Provided records =>
....

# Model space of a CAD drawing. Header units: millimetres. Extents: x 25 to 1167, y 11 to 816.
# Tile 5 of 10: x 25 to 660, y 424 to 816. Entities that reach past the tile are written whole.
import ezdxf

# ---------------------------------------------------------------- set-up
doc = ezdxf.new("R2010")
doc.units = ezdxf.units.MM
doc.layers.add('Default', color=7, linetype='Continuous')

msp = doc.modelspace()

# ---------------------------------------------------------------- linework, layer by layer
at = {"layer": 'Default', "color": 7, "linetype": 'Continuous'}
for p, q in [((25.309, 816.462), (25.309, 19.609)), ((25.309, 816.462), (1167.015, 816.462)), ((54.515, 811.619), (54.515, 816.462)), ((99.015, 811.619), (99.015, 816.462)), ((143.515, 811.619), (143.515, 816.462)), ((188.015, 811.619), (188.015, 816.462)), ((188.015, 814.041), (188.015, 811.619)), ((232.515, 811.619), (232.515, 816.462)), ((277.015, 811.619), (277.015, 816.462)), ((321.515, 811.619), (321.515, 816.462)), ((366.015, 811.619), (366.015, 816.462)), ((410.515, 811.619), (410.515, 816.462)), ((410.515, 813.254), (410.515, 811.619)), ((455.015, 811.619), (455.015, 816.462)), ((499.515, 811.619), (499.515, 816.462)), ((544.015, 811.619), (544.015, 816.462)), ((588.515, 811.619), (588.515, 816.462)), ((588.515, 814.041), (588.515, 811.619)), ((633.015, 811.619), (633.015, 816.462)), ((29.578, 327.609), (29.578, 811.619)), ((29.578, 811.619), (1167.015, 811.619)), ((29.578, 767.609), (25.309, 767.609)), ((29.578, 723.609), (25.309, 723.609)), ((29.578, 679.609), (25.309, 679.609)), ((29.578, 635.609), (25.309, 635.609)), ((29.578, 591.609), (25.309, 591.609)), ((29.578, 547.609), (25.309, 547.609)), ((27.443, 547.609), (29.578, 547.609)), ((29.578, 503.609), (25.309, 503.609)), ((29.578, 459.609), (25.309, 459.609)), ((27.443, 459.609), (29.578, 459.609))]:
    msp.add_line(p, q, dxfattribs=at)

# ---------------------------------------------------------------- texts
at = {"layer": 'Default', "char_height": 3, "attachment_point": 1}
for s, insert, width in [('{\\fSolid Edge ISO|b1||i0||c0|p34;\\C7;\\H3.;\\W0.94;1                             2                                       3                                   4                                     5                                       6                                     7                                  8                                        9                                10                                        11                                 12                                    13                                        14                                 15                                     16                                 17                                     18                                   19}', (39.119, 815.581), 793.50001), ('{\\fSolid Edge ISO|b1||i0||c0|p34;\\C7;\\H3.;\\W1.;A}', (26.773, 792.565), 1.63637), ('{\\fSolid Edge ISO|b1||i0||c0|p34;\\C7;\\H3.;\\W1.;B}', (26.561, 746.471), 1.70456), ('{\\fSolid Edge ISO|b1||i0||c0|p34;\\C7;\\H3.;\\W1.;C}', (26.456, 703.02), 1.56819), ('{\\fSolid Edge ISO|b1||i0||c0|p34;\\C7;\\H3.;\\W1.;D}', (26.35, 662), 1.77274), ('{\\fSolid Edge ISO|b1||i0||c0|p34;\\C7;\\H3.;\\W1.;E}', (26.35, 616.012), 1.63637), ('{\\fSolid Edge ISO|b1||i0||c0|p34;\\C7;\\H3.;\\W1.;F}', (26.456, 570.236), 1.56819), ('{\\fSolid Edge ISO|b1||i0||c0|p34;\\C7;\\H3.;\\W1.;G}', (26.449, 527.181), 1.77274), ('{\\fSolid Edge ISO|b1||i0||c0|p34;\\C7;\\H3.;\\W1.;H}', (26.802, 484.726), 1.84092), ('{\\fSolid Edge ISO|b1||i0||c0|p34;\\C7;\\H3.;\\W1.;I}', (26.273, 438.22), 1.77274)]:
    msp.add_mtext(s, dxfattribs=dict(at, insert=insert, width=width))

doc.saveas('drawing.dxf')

....

Task prompt => Reproduce every record above exactly as it is written.

Task solution =>
# Model space of a CAD drawing. Header units: millimetres. Extents: x 25 to 1167, y 11 to 816.
# Tile 5 of 10: x 25 to 660, y 424 to 816. Entities that reach past the tile are written whole.
import ezdxf

# ---------------------------------------------------------------- set-up
doc = ezdxf.new("R2010")
doc.units = ezdxf.units.MM
doc.layers.add('Default', color=7, linetype='Continuous')

msp = doc.modelspace()

# ---------------------------------------------------------------- linework, layer by layer
at = {"layer": 'Default', "color": 7, "linetype": 'Continuous'}
for p, q in [((25.309, 816.462), (25.309, 19.609)), ((25.309, 816.462), (1167.015, 816.462)), ((54.515, 811.619), (54.515, 816.462)), ((99.015, 811.619), (99.015, 816.462)), ((143.515, 811.619), (143.515, 816.462)), ((188.015, 811.619), (188.015, 816.462)), ((188.015, 814.041), (188.015, 811.619)), ((232.515, 811.619), (232.515, 816.462)), ((277.015, 811.619), (277.015, 816.462)), ((321.515, 811.619), (321.515, 816.462)), ((366.015, 811.619), (366.015, 816.462)), ((410.515, 811.619), (410.515, 816.462)), ((410.515, 813.254), (410.515, 811.619)), ((455.015, 811.619), (455.015, 816.462)), ((499.515, 811.619), (499.515, 816.462)), ((544.015, 811.619), (544.015, 816.462)), ((588.515, 811.619), (588.515, 816.462)), ((588.515, 814.041), (588.515, 811.619)), ((633.015, 811.619), (633.015, 816.462)), ((29.578, 327.609), (29.578, 811.619)), ((29.578, 811.619), (1167.015, 811.619)), ((29.578, 767.609), (25.309, 767.609)), ((29.578, 723.609), (25.309, 723.609)), ((29.578, 679.609), (25.309, 679.609)), ((29.578, 635.609), (25.309, 635.609)), ((29.578, 591.609), (25.309, 591.609)), ((29.578, 547.609), (25.309, 547.609)), ((27.443, 547.609), (29.578, 547.609)), ((29.578, 503.609), (25.309, 503.609)), ((29.578, 459.609), (25.309, 459.609)), ((27.443, 459.609), (29.578, 459.609))]:
    msp.add_line(p, q, dxfattribs=at)

# ---------------------------------------------------------------- texts
at = {"layer": 'Default', "char_height": 3, "attachment_point": 1}
for s, insert, width in [('{\\fSolid Edge ISO|b1||i0||c0|p34;\\C7;\\H3.;\\W0.94;1                             2                                       3                                   4                                     5                                       6                                     7                                  8                                        9                                10                                        11                                 12                                    13                                        14                                 15                                     16                                 17                                     18                                   19}', (39.119, 815.581), 793.50001), ('{\\fSolid Edge ISO|b1||i0||c0|p34;\\C7;\\H3.;\\W1.;A}', (26.773, 792.565), 1.63637), ('{\\fSolid Edge ISO|b1||i0||c0|p34;\\C7;\\H3.;\\W1.;B}', (26.561, 746.471), 1.70456), ('{\\fSolid Edge ISO|b1||i0||c0|p34;\\C7;\\H3.;\\W1.;C}', (26.456, 703.02), 1.56819), ('{\\fSolid Edge ISO|b1||i0||c0|p34;\\C7;\\H3.;\\W1.;D}', (26.35, 662), 1.77274), ('{\\fSolid Edge ISO|b1||i0||c0|p34;\\C7;\\H3.;\\W1.;E}', (26.35, 616.012), 1.63637), ('{\\fSolid Edge ISO|b1||i0||c0|p34;\\C7;\\H3.;\\W1.;F}', (26.456, 570.236), 1.56819), ('{\\fSolid Edge ISO|b1||i0||c0|p34;\\C7;\\H3.;\\W1.;G}', (26.449, 527.181), 1.77274), ('{\\fSolid Edge ISO|b1||i0||c0|p34;\\C7;\\H3.;\\W1.;H}', (26.802, 484.726), 1.84092), ('{\\fSolid Edge ISO|b1||i0||c0|p34;\\C7;\\H3.;\\W1.;I}', (26.273, 438.22), 1.77274)]:
    msp.add_mtext(s, dxfattribs=dict(at, insert=insert, width=width))

doc.saveas('drawing.dxf')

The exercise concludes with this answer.